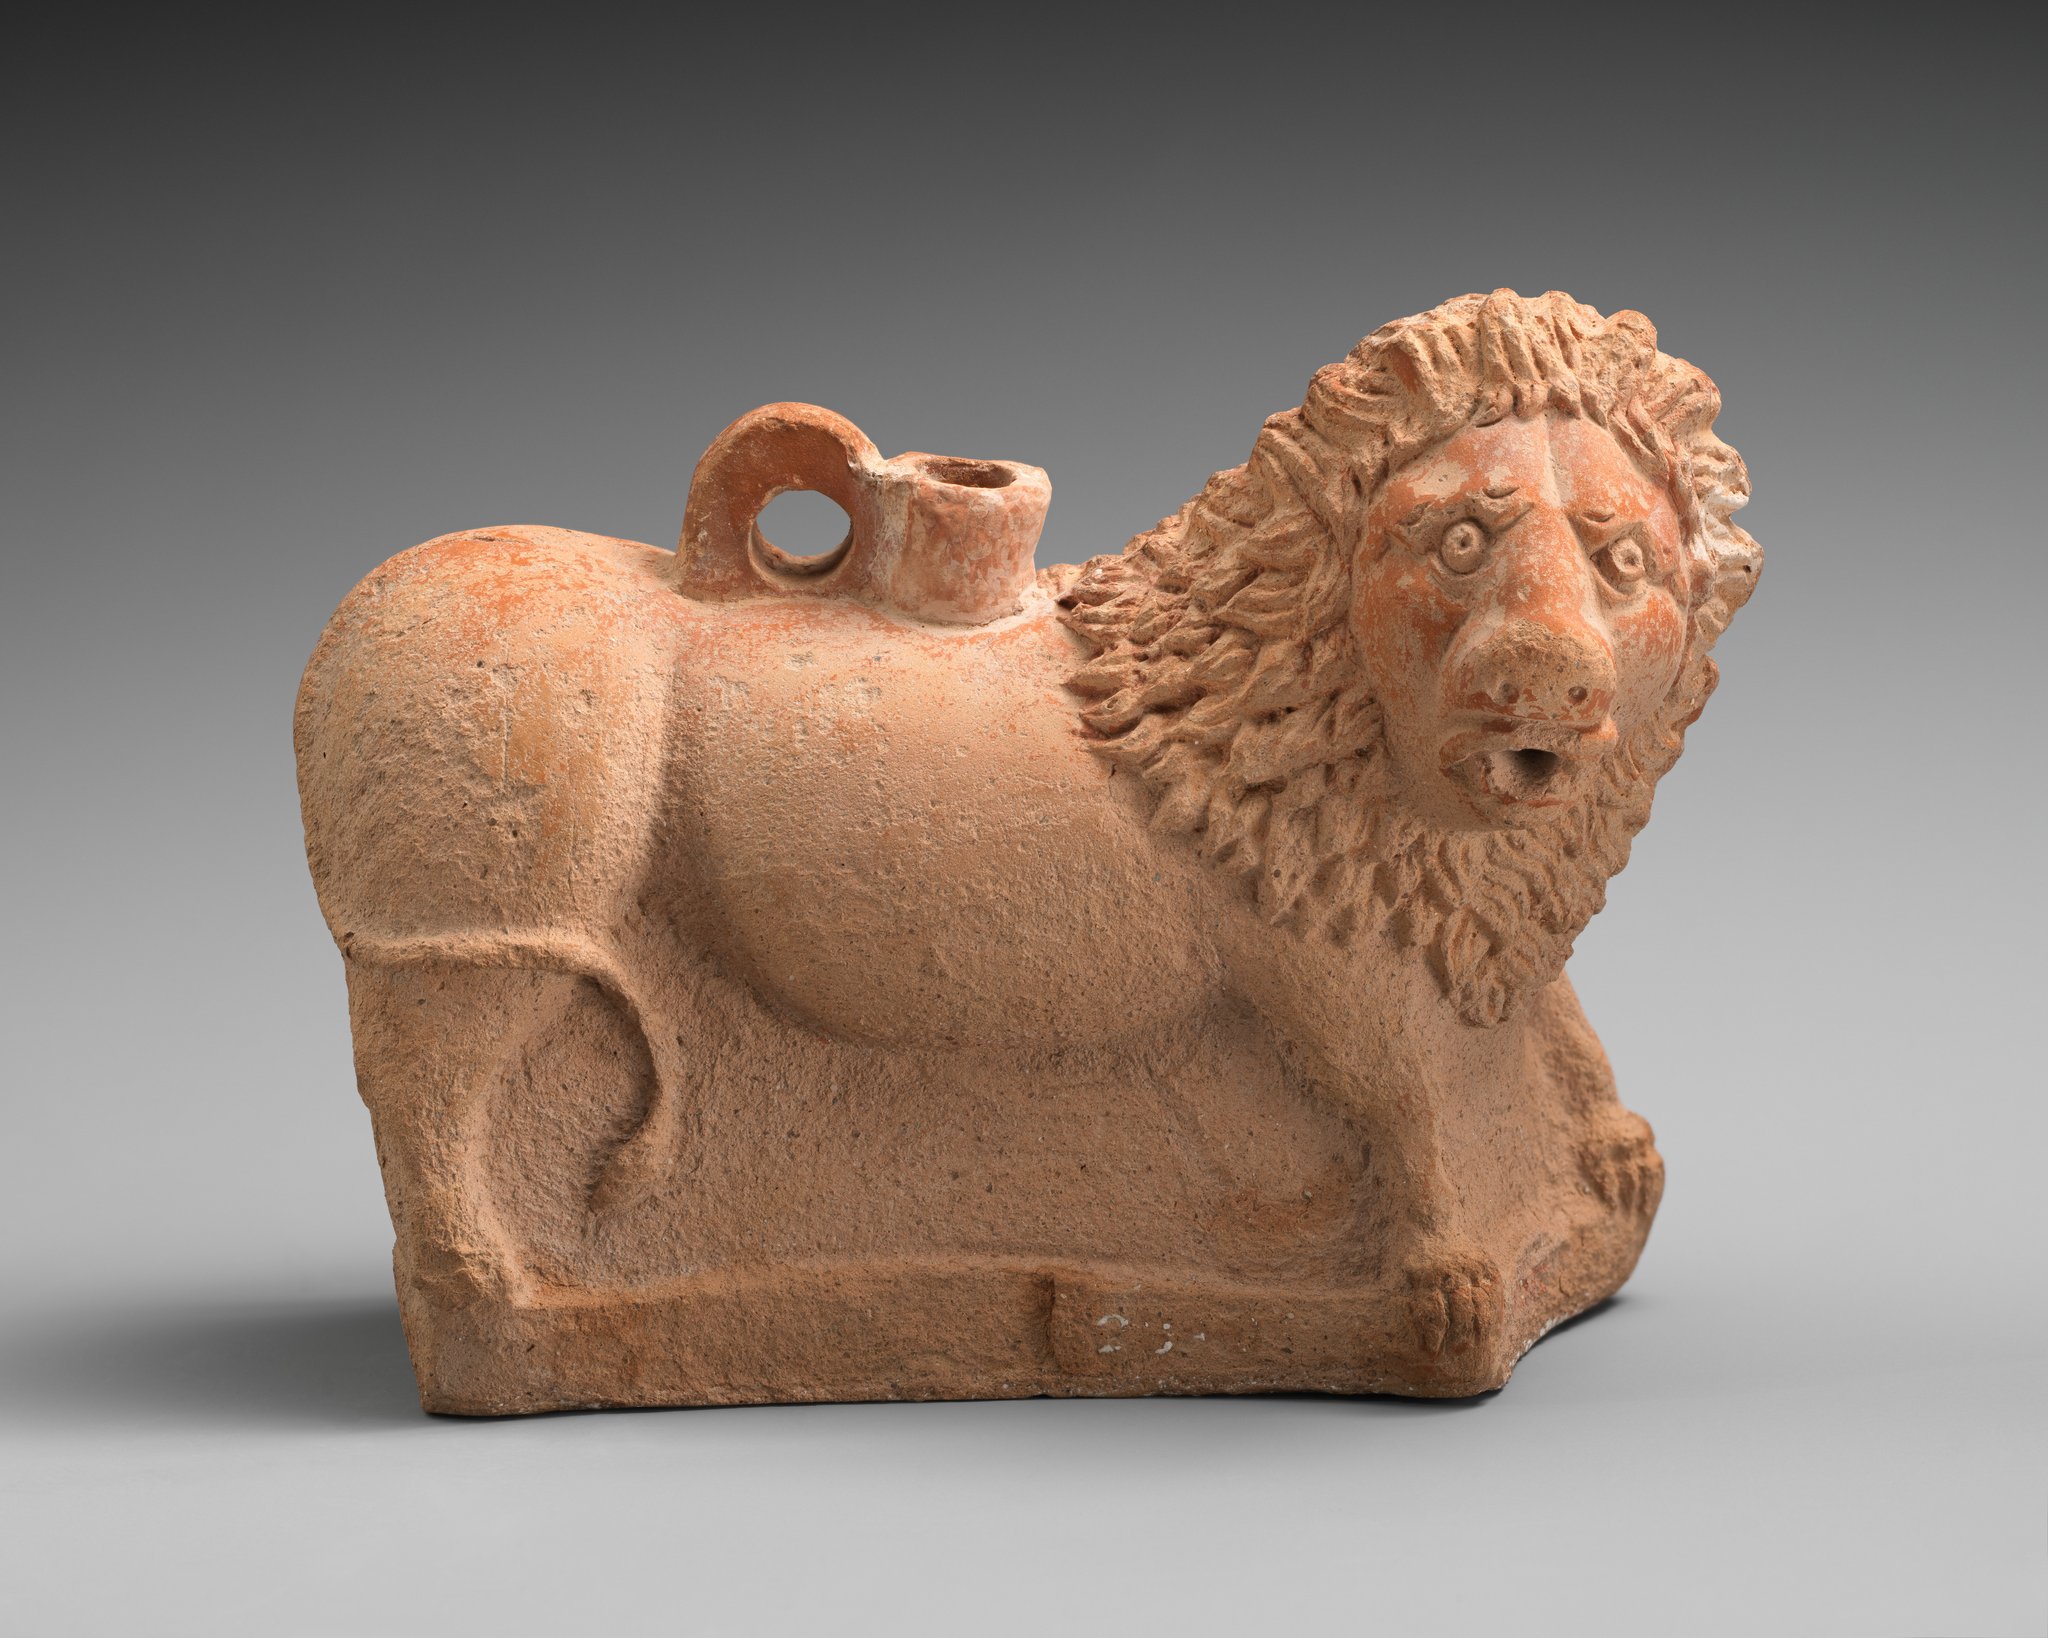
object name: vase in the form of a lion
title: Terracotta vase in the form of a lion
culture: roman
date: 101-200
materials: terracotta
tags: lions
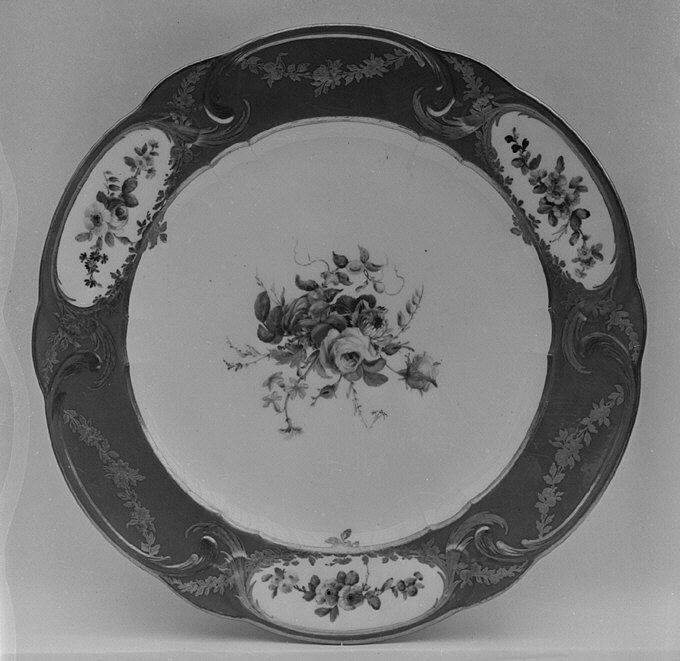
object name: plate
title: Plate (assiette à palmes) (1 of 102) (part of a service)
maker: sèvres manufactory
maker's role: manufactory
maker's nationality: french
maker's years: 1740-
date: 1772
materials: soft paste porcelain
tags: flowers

==============================

◆ Work order
Repeat the entries exactly and keep the pictures out of the copy.

◆ Response to the task
object name: vase in the form of a lion
title: Terracotta vase in the form of a lion
culture: roman
date: 101-200
materials: terracotta
tags: lions
object name: plate
title: Plate (assiette à palmes) (1 of 102) (part of a service)
maker: sèvres manufactory
maker's role: manufactory
maker's nationality: french
maker's years: 1740-
date: 1772
materials: soft paste porcelain
tags: flowers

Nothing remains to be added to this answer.